The band at ca. 1740 cm−1 in the νCO stretching region (Fig. 4) deserves a further comment. This band increases in intensity with the nozzle temperature. Since both AAC and GSkC conformers (the third and fourth more stable conformers of DMG-Me) are predicted to give rise to a νC
O band at a lower frequency than both ASC and GSC forms, this band could then be assigned to these conformers. However, there is no further experimental evidence of the presence of either AAC or GSkC in the matrices and the assignment of this band to the first overtone of the νC–C stretching vibration of the GSC form, whose fundamental appears at ca. 895 cm−1
(Table 2), seems to be more plausible.
(iii) Annealing of the matrices (both argon and xenon) led to partial conversion of the ASC conformer into the GSC form (Fig. 5). This result indicates that in the matrices the order of stability of the two conformers changes relatively to the gaseous phase, the GSC conformer becoming the ground conformational state. The GSC conformer has a larger dipole moment than the ASC form (1.99 vs. 1.40 D; see Fig. 1) and thus it could be expected to be stabilized in the matrices with regard to the gaseous phase. Nevertheless, this molecule is a remarkable example of a system showing an inversion in the order of its lowest energy conformational states due to a relatively minor perturbation by the media, such as that due to the inert gas matrix.
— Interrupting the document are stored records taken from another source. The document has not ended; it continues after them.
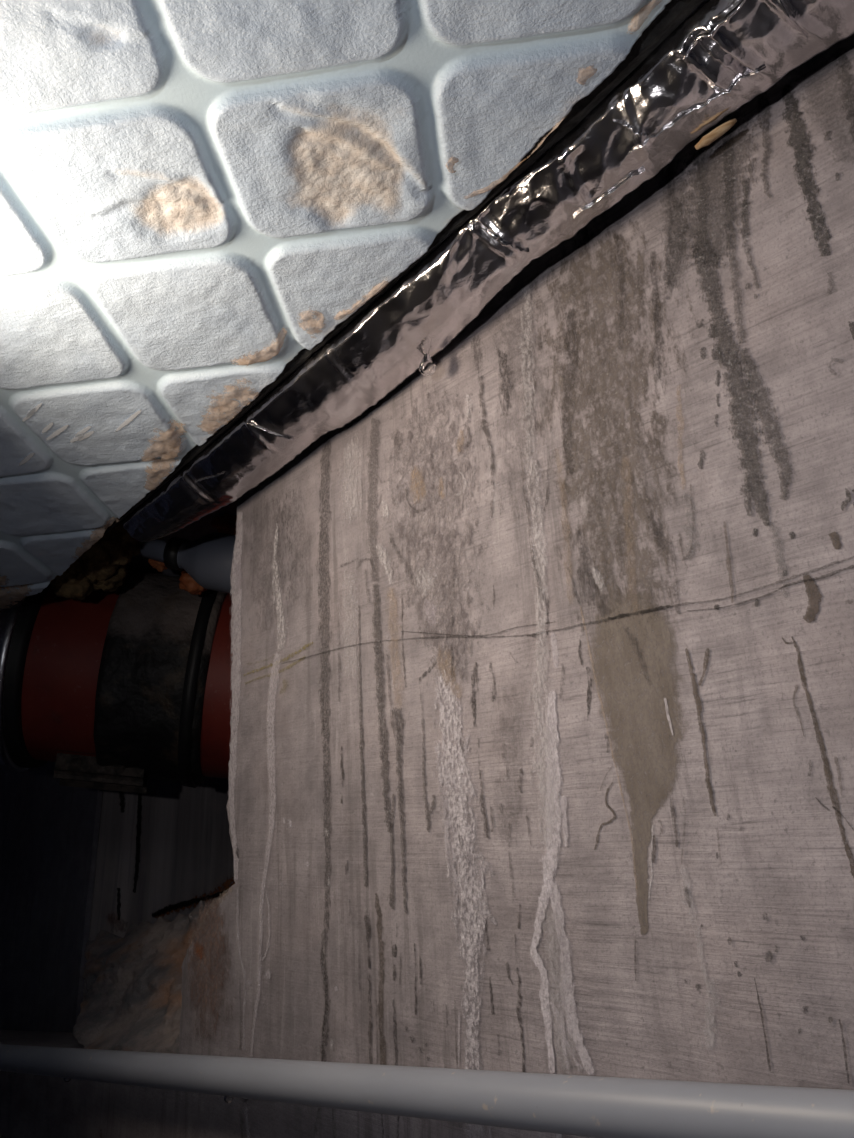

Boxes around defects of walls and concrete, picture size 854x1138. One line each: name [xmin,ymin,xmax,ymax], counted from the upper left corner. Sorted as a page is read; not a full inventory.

water stain [675,84,831,536]
water stain [499,225,716,1074]
crack [608,565,854,620]
spalling [72,896,224,1054]
water stain [419,663,497,1070]

(iv) The relative populations of the ASC and GSC conformers observed in argon and xenon matrices prepared using the same experimental conditions (valve nozzle and substrate temperatures; concentration; matrix-gas flux) were found to differ considerably, with the GSC form showing a larger relative population in xenon than in argon (see Fig. 3). This is in consonance with the known better trapping ability of argon when compared with xenon or, in other words, with the generally greater conformational cooling effects observable when xenon is used as the matrix gas.12,22 Note that in the present case, the consequences of a more important conformational cooling effect in xenon are different from the usually observed phenomena when the conformational ground state is the same in both the gaseous phase and in the matrices. In the trivial situation, the most abundant conformer in the gas phase has its relative population further increased in the xenon matrix due to the conformational cooling; in DMG-Me, due to the inversion of the relative stability of the two conformational states, the most abundant conformer in the gaseous phase has its relative population decreased in the xenon matrix due to the conformational cooling.
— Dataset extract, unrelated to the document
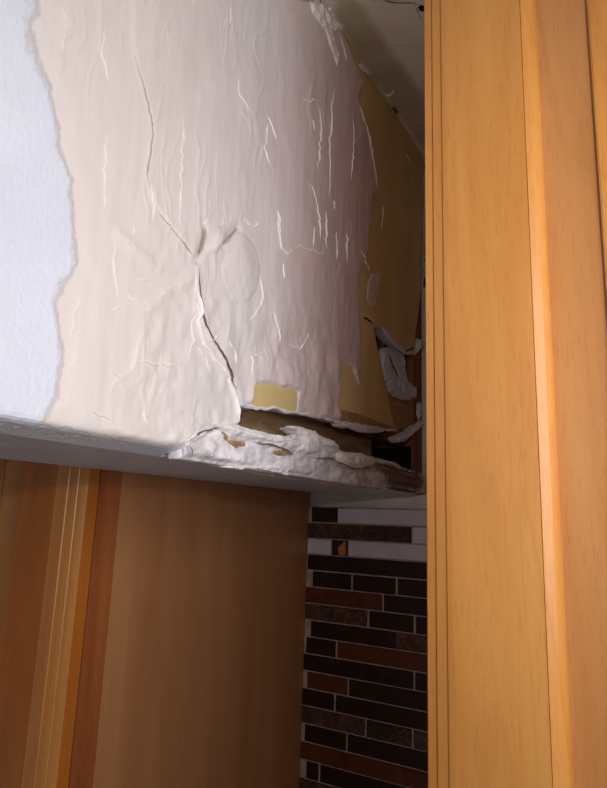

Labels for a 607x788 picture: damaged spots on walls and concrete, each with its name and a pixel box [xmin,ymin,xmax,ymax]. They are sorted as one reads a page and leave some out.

crack [135,58,154,188]
crack [159,213,242,425]
flaking render [168,423,426,493]
spalling [248,404,397,432]

The spectrum of the low temperature amorphous layer obtained by deposition of the vapour of the compound onto the cold substrate of the cryostat (at 9 K) does also reveal the presence of both ASC and GSC conformers. This spectrum is compared with the calculated spectra for the two forms in Fig. 6. Assignments are presented in Table 3. Fig. 6 also shows the difference spectrum obtained by subtracting from the spectrum of the annealed (T=
154 K) amorphous layer the spectrum of the freshly prepared amorphous (T
=
9 K) layer. In the difference spectrum, the bands pointing upwards are due to the GSC conformer, while those pointing to the bottom belong to the ASC form. Hence, annealing the amorphous layer to higher temperatures leads to increase the population of the GSC conformer relatively to ASC. Upon reaching 154 K, the sample was cooled again to 9 K without observation of any substantial change in the spectrum. However, the subsequent rewarming of the sample further increases the relative population of the GSC conformer, in such a way that the bands due to ASC practically vanish (see spectrum d, in Fig. 6). These results can be interpreted as follows: upon deposition of the vapour into the cold substrate, the conformers present in the gaseous phase are frozen, contributing to the spectrum of the freshly prepared amorphous layer; annealing of the sample enables the molecules of the compound to relax and attain the conformation that is most stable under these conditions, which corresponds to the most polar GSC conformer; on cooling, no changes occur, but, when subjected to a new warming cycle, the sample can further relax and attain a quasi-crystalline state, where almost all molecules assume the GSC conformation.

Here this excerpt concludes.